##### Data in this exercise
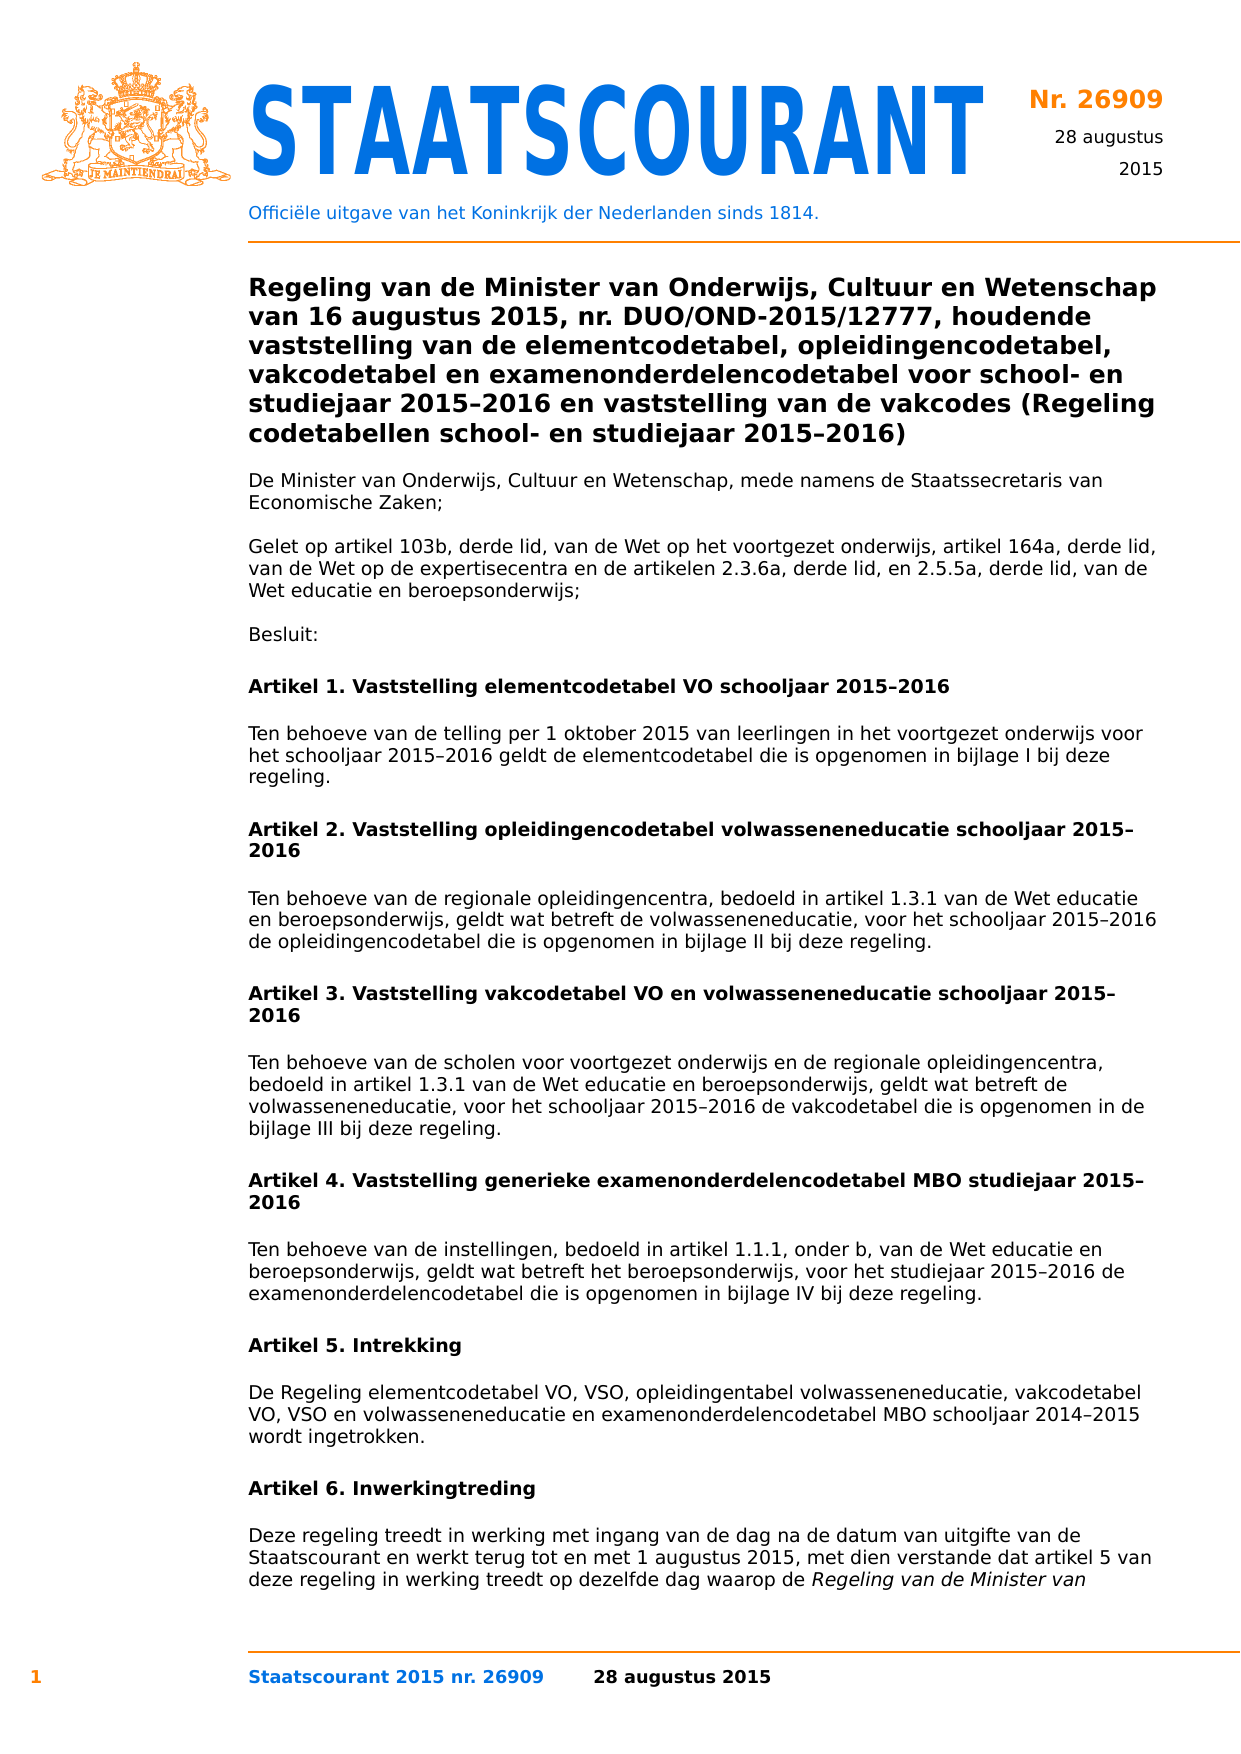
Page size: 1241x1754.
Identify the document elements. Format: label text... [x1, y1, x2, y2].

subtitle Artikel 5. Intrekking [248, 1335, 1163, 1357]
subtitle Artikel 2. Vaststelling opleidingencodetabel volwasseneneducatie schooljaar 2015–2016 [248, 818, 1163, 862]
table_cell Officiële uitgave van het Koninkrijk der Nederlanden sinds 1814. [248, 203, 1240, 241]
text De Regeling elementcodetabel VO, VSO, opleidingentabel volwasseneneducatie, vakcodetabel VO, VSO en volwasseneneducatie en examenonderdelencodetabel MBO schooljaar 2014–2015 wordt ingetrokken. [248, 1382, 1163, 1448]
table_cell 28 augustus [998, 121, 1240, 153]
text Gelet op artikel 103b, derde lid, van de Wet op het voortgezet onderwijs, artikel 164a, derde lid, van de Wet op de expertisecentra en de artikelen 2.3.6a, derde lid, en 2.5.5a, derde lid, van de Wet educatie en beroepsonderwijs; [248, 536, 1163, 602]
subtitle Artikel 6. Inwerkingtreding [248, 1478, 1163, 1500]
text De Minister van Onderwijs, Cultuur en Wetenschap, mede namens de Staatssecretaris van Economische Zaken; [248, 470, 1163, 514]
subtitle Artikel 4. Vaststelling generieke examenonderdelencodetabel MBO studiejaar 2015–2016 [248, 1170, 1163, 1214]
table_header [25, 62, 248, 241]
table_header Nr. 26909 [998, 62, 1240, 121]
text Ten behoeve van de regionale opleidingencentra, bedoeld in artikel 1.3.1 van de Wet educatie en beroepsonderwijs, geldt wat betreft de volwasseneneducatie, voor het schooljaar 2015–2016 de opleidingencodetabel die is opgenomen in bijlage II bij deze regeling. [248, 887, 1163, 953]
text Besluit: [248, 623, 1163, 646]
text Ten behoeve van de telling per 1 oktober 2015 van leerlingen in het voortgezet onderwijs voor het schooljaar 2015–2016 geldt de elementcodetabel die is opgenomen in bijlage I bij deze regeling. [248, 722, 1163, 788]
table_header STAATSCOURANT [248, 62, 998, 203]
picture [41, 62, 231, 186]
text Ten behoeve van de instellingen, bedoeld in artikel 1.1.1, onder b, van de Wet educatie en beroepsonderwijs, geldt wat betreft het beroepsonderwijs, voor het studiejaar 2015–2016 de examenonderdelencodetabel die is opgenomen in bijlage IV bij deze regeling. [248, 1239, 1163, 1305]
subtitle Regeling van de Minister van Onderwijs, Cultuur en Wetenschap van 16 augustus 2015, nr. DUO/OND-2015/12777, houdende vaststelling van de elementcodetabel, opleidingencodetabel, vakcodetabel en examenonderdelencodetabel voor school- en studiejaar 2015–2016 en vaststelling van de vakcodes (Regeling codetabellen school- en studiejaar 2015–2016) [248, 273, 1163, 448]
subtitle Artikel 1. Vaststelling elementcodetabel VO schooljaar 2015–2016 [248, 676, 1163, 697]
text Deze regeling treedt in werking met ingang van de dag na de datum van uitgifte van de Staatscourant en werkt terug tot en met 1 augustus 2015, met dien verstande dat artikel 5 van deze regeling in werking treedt op dezelfde dag waarop de Regeling van de Minister van [248, 1525, 1163, 1591]
text Ten behoeve van de scholen voor voortgezet onderwijs en de regionale opleidingencentra, bedoeld in artikel 1.3.1 van de Wet educatie en beroepsonderwijs, geldt wat betreft de volwasseneneducatie, voor het schooljaar 2015–2016 de vakcodetabel die is opgenomen in de bijlage III bij deze regeling. [248, 1052, 1163, 1140]
subtitle Artikel 3. Vaststelling vakcodetabel VO en volwasseneneducatie schooljaar 2015–2016 [248, 983, 1163, 1027]
table_cell 2015 [998, 153, 1240, 203]
##########
▸ **Work request**
Go through the lines above and copy any that contain "augustus".

▸ **Response to this exercise**
table_cell 28 augustus [998, 121, 1240, 153]
subtitle Regeling van de Minister van Onderwijs, Cultuur en Wetenschap van 16 augustus 2015, nr. DUO/OND-2015/12777, houdende vaststelling van de elementcodetabel, opleidingencodetabel, vakcodetabel en examenonderdelencodetabel voor school- en studiejaar 2015–2016 en vaststelling van de vakcodes (Regeling codetabellen school- en studiejaar 2015–2016) [248, 273, 1163, 448]
text Deze regeling treedt in werking met ingang van de dag na de datum van uitgifte van de Staatscourant en werkt terug tot en met 1 augustus 2015, met dien verstande dat artikel 5 van deze regeling in werking treedt op dezelfde dag waarop de Regeling van de Minister van [248, 1525, 1163, 1591]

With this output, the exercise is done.